It was an old book. Not rare or antique, but rather vintage. Just old enough to smell of aging library glue and dried damp, and to have sepia-toned edges and dog-eared corners that marked passages now long-forgotten, in spite of the inspiration they must have once incited.
It was a book my father had given to me, but I don’t remember why. It is titled: “Change Your Voice, Change Your Life.”
I remembered I had never read it all the way through; but I was looking for it with a purpose now. I was convinced I could find it in the back of my bookshelves because I rarely part with a book once in my possession. And so I did find it. Dipped in dust mites and cobwebs, and a little crisp to the touch, there it was: “Change Your Voice, Change Your Life,” by Dr. Morton Cooper (aka “voice doctor to the stars” and noted voice coach).
The book discusses such topics as finding one’s own authentic voice – especially in terms of pitch and tone and balance. It explores the proper use of breath when speaking. It talks about ridding ourselves of our “habitual body armor” – our “established posturing,” as we use (and misuse) our voices. It promises increased attraction and influence with others, and enhanced value of self.
I had coaxed it out from the vague shadows of my memory and the dark under-shelves of my library to study the spoken word vs. the written word relative to my work. But after going through it more thoroughly, with new intentionality, I began to suspect that perhaps there was more implied wisdom in its simply stated precepts than I had been seeking.
Perhaps I was meant to consider my “authentic voice” in a broader context – as I spoke to the universe in general. And, conversely, perhaps I was meant to consider how I listened to the universe in return – the voices, the breathings, the pitch and tone, the balance, the posturing, the implications.
I thought first about all of the expected sounds of the universe in seasons – as they speak to us in the voices of geese and wind, thick thunder and rustling leaves, through tree frogs and heat lightning, with lashes of rain and the silence of snow.
And I began to suspect that there are other voices of the universe that call out for us to hear them as well – compellingly, and with equal and ultimate authenticity – like the throaty fierceness of raging wildfires; and the surreal, saturating, screams of hurricanes; and the broken last exhale of a species.

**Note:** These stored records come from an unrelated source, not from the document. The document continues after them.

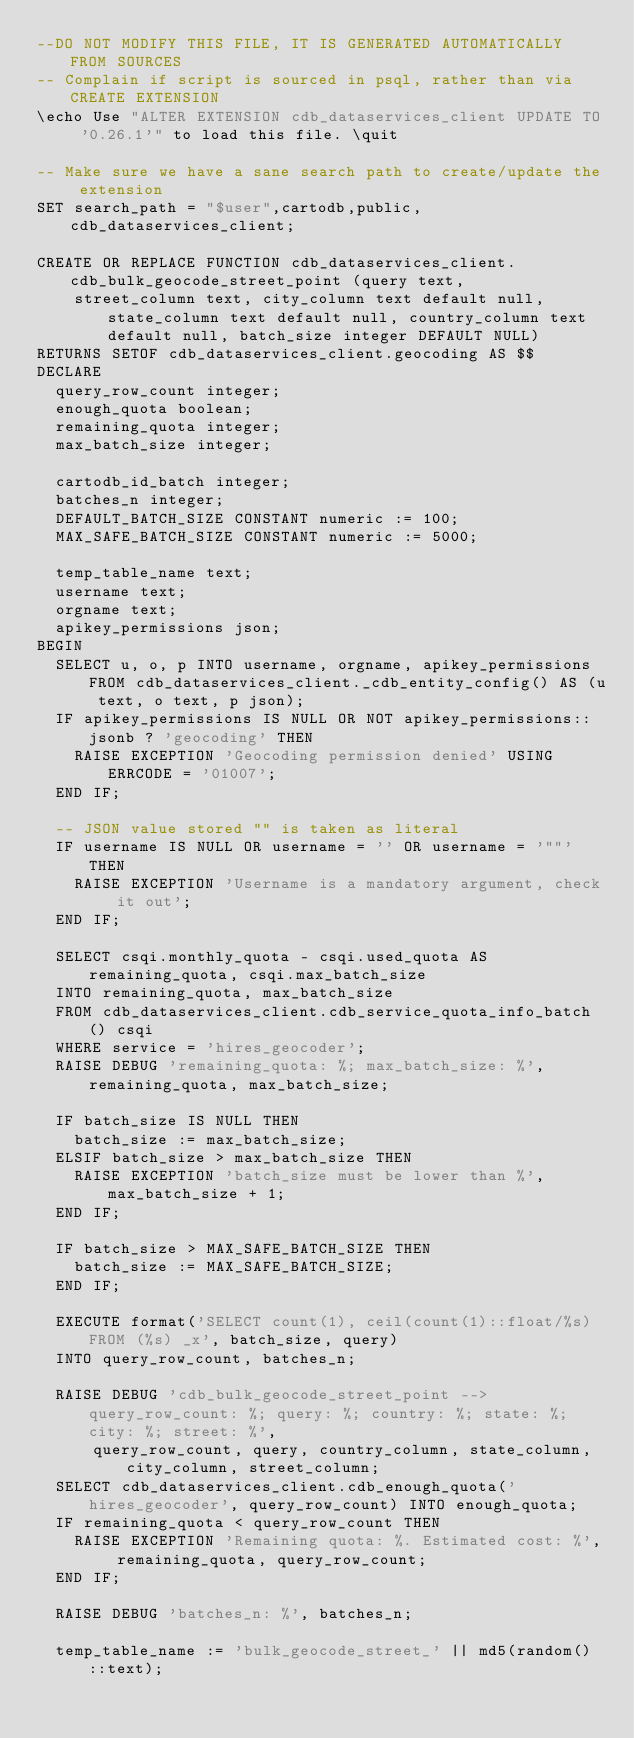<code> <loc_0><loc_0><loc_500><loc_500><_SQL_>--DO NOT MODIFY THIS FILE, IT IS GENERATED AUTOMATICALLY FROM SOURCES
-- Complain if script is sourced in psql, rather than via CREATE EXTENSION
\echo Use "ALTER EXTENSION cdb_dataservices_client UPDATE TO '0.26.1'" to load this file. \quit

-- Make sure we have a sane search path to create/update the extension
SET search_path = "$user",cartodb,public,cdb_dataservices_client;

CREATE OR REPLACE FUNCTION cdb_dataservices_client.cdb_bulk_geocode_street_point (query text,
    street_column text, city_column text default null, state_column text default null, country_column text default null, batch_size integer DEFAULT NULL)
RETURNS SETOF cdb_dataservices_client.geocoding AS $$
DECLARE
  query_row_count integer;
  enough_quota boolean;
  remaining_quota integer;
  max_batch_size integer;

  cartodb_id_batch integer;
  batches_n integer;
  DEFAULT_BATCH_SIZE CONSTANT numeric := 100;
  MAX_SAFE_BATCH_SIZE CONSTANT numeric := 5000;

  temp_table_name text;
  username text;
  orgname text;
  apikey_permissions json;
BEGIN
  SELECT u, o, p INTO username, orgname, apikey_permissions FROM cdb_dataservices_client._cdb_entity_config() AS (u text, o text, p json);
  IF apikey_permissions IS NULL OR NOT apikey_permissions::jsonb ? 'geocoding' THEN
    RAISE EXCEPTION 'Geocoding permission denied' USING ERRCODE = '01007';
  END IF;

  -- JSON value stored "" is taken as literal
  IF username IS NULL OR username = '' OR username = '""' THEN
    RAISE EXCEPTION 'Username is a mandatory argument, check it out';
  END IF;

  SELECT csqi.monthly_quota - csqi.used_quota AS remaining_quota, csqi.max_batch_size
  INTO remaining_quota, max_batch_size
  FROM cdb_dataservices_client.cdb_service_quota_info_batch() csqi
  WHERE service = 'hires_geocoder';
  RAISE DEBUG 'remaining_quota: %; max_batch_size: %', remaining_quota, max_batch_size;

  IF batch_size IS NULL THEN
    batch_size := max_batch_size;
  ELSIF batch_size > max_batch_size THEN
    RAISE EXCEPTION 'batch_size must be lower than %', max_batch_size + 1;
  END IF;

  IF batch_size > MAX_SAFE_BATCH_SIZE THEN
    batch_size := MAX_SAFE_BATCH_SIZE;
  END IF;

  EXECUTE format('SELECT count(1), ceil(count(1)::float/%s) FROM (%s) _x', batch_size, query)
  INTO query_row_count, batches_n;

  RAISE DEBUG 'cdb_bulk_geocode_street_point --> query_row_count: %; query: %; country: %; state: %; city: %; street: %',
      query_row_count, query, country_column, state_column, city_column, street_column;
  SELECT cdb_dataservices_client.cdb_enough_quota('hires_geocoder', query_row_count) INTO enough_quota;
  IF remaining_quota < query_row_count THEN
    RAISE EXCEPTION 'Remaining quota: %. Estimated cost: %', remaining_quota, query_row_count;
  END IF;

  RAISE DEBUG 'batches_n: %', batches_n;

  temp_table_name := 'bulk_geocode_street_' || md5(random()::text);
</code>

I also suspect that, within our realm of individual and immediate influence, there are even more voices – low-pitched, like moans down long back alleys and under bridges; or high voiced calls and cries, indistinct, hard to find; perhaps even lost or silenced sounds – like lost souls, lost futures – weighted under a heavy tone of isolation or the strangled breath of fear.
There are voices that reach out to us from across fences and walls and cultures and faiths and experience and species – and want nothing more than for us to notice them, and to use our own voices on their behalf. And they sit next to us in airports, as fellow travelers from unknown places, looking just like us and nothing like us, careful to not touch each other. They may even live down the street and walk their dogs and say “good morning” wearing casual clothes and polished habitual body armor.
Like the old “Change Your Voice” book itself, I sometimes feel woefully worn and dog-eared and torn around the edges. But, perhaps like the book, I have old truths that I am meant to speak, in a voice to be made worth hearing. Perhaps if I do as the book instructs – about tone and breath and authenticity – perhaps if I “change my voice,” I could respond where I might have been silent. I might answer the universe with compassion – and even my own vulnerability. I might speak in a tone of universal love. I might find an authentic voice that is hopeful. And helpful. Perhaps even wise. And kind. I would hope my authentic voice would always be kind.
I suspect if we all simply chose to “change our voices” … we could, in the end, actually “change life.”